*Work item:* Please reproduce all of the listing below exactly and drop its images.

*Given information:*
====

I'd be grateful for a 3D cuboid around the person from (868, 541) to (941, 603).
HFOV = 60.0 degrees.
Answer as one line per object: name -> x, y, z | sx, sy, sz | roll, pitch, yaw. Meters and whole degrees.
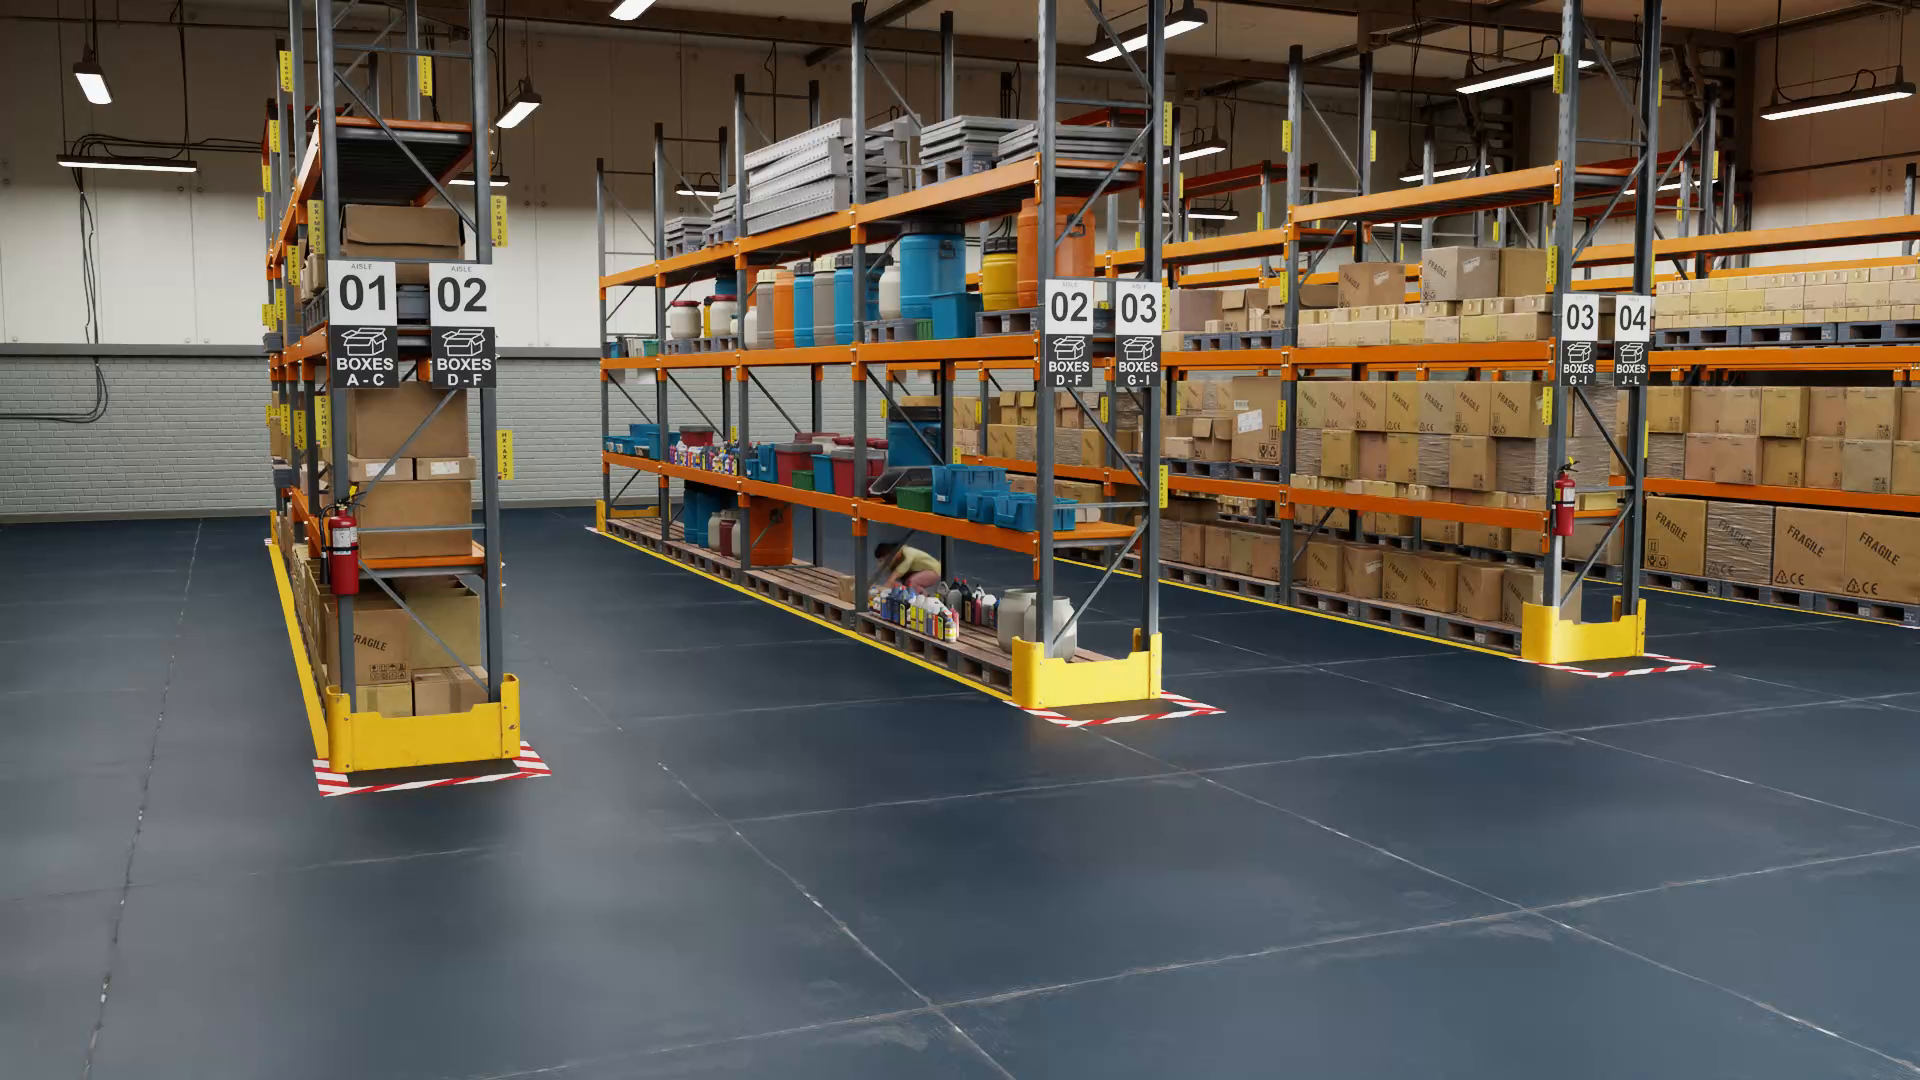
person -> -0.631, 0.396, 17.439 | 1.035, 0.800, 0.469 | -5, 7, -39

====

*Answer box:*
I'd be grateful for a 3D cuboid around the person from (868, 541) to (941, 603).
HFOV = 60.0 degrees.
Answer as one line per object: name -> x, y, z | sx, sy, sz | roll, pitch, yaw. Meters and whole degrees.
person -> -0.631, 0.396, 17.439 | 1.035, 0.800, 0.469 | -5, 7, -39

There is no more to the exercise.